W środę w późnych godzinach wieczornych spółka poinformowała o zmianach w radzie nadzorczej, z której zrezygnowały cztery osoby. Wśród nich Jerzy Mazgaj, jego żona Barbara oraz brat Wojciech.
Zobacz też: 500 plus w Auchan: winni zostaną ukarani, ale oświadczenia wciąż będą zbierane
To kolejny etap wycofywania z się z biznesu w Almie Market przez milionera. Pod koniec zeszłego roku Mazgaj przestał być prezesem spółki, a w styczniu tego roku pozbył się sporego pakietu akcji. Jak szacuje Money.pl, sprzedał wówczas prawie milion akcji, wartych według średniej notowań w styczniu blisko 2,3 mln zł.
I choć w rękach biznesmena pozostało jedynie zaledwie 657 tys. akcji, stanowiących niecałe 12 proc. wszystkich udziałów, są to jednak w dużej mierze papiery uprzywilejowane co do głosu, a więc dają mu 36,28 proc. głosów na walnym zgromadzeniu akcjonariuszy.
Niewykluczone, że Mazgaj wkrótce pożegna się i z tym pakietem.
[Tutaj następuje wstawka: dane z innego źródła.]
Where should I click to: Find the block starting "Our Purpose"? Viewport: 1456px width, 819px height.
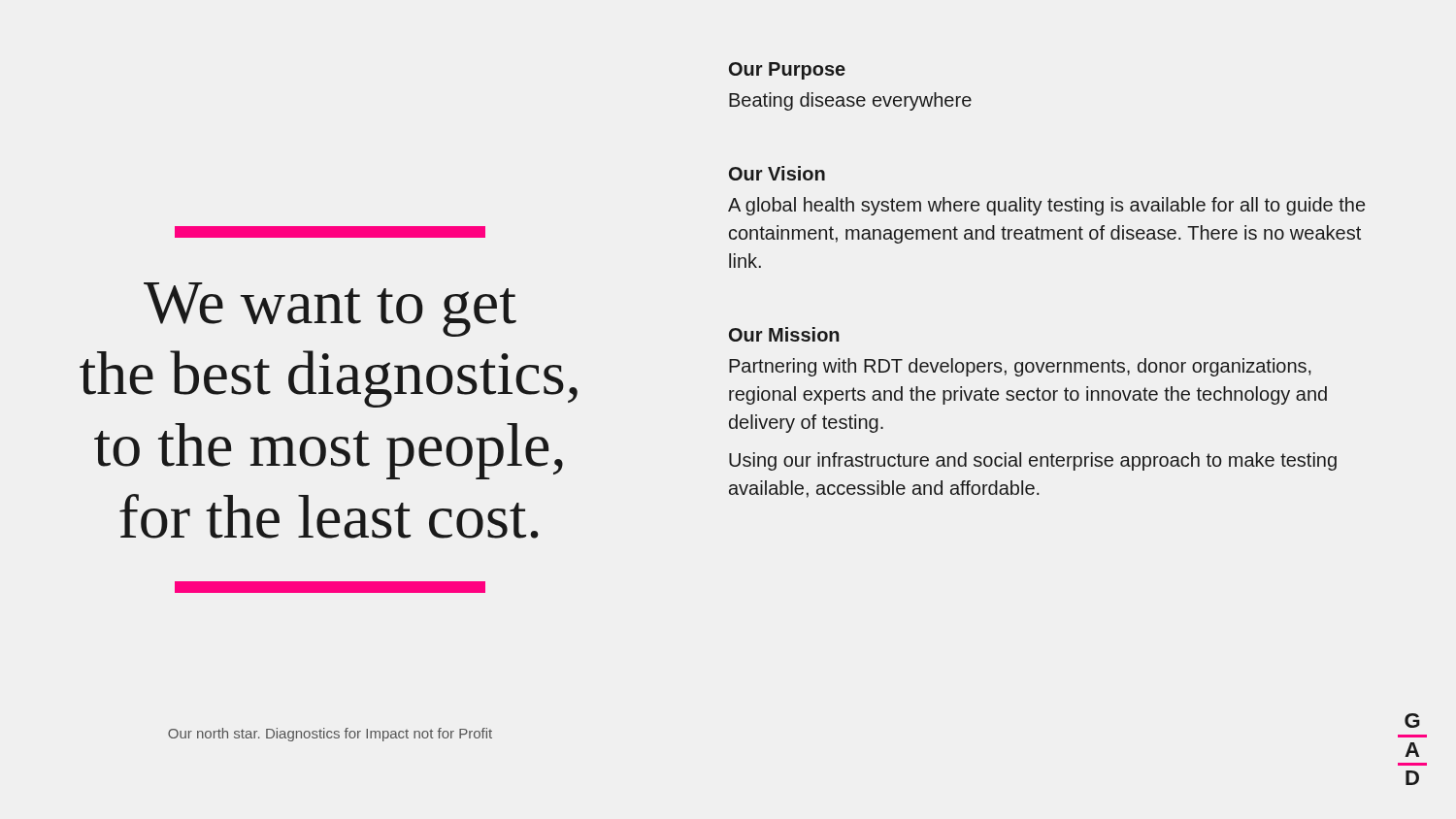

Patrząc na reakcję inwestorów w czwartek, tylko na to czekają. Dziś wartość Almy Market skoczyła do góry o prawie 9 proc.
Czytaj również: Właściciel Almy do zwolnionych pracowników bez pensji: "Też mam ciężką sytuację"
Nadal sytuacja spółki jest nie do pozazdroszczenia. Z 50 sklepów Almy funkcjonuje zaledwie kilka. Jednocześnie trwa postępowanie sanacyjne. Zarząd krakowskiej spółki liczy na to, że postępowanie pomoże firmie podźwignąć się z finansowego dołka. W najbardziej czarnym scenariuszu Almie Market grozi upadłość.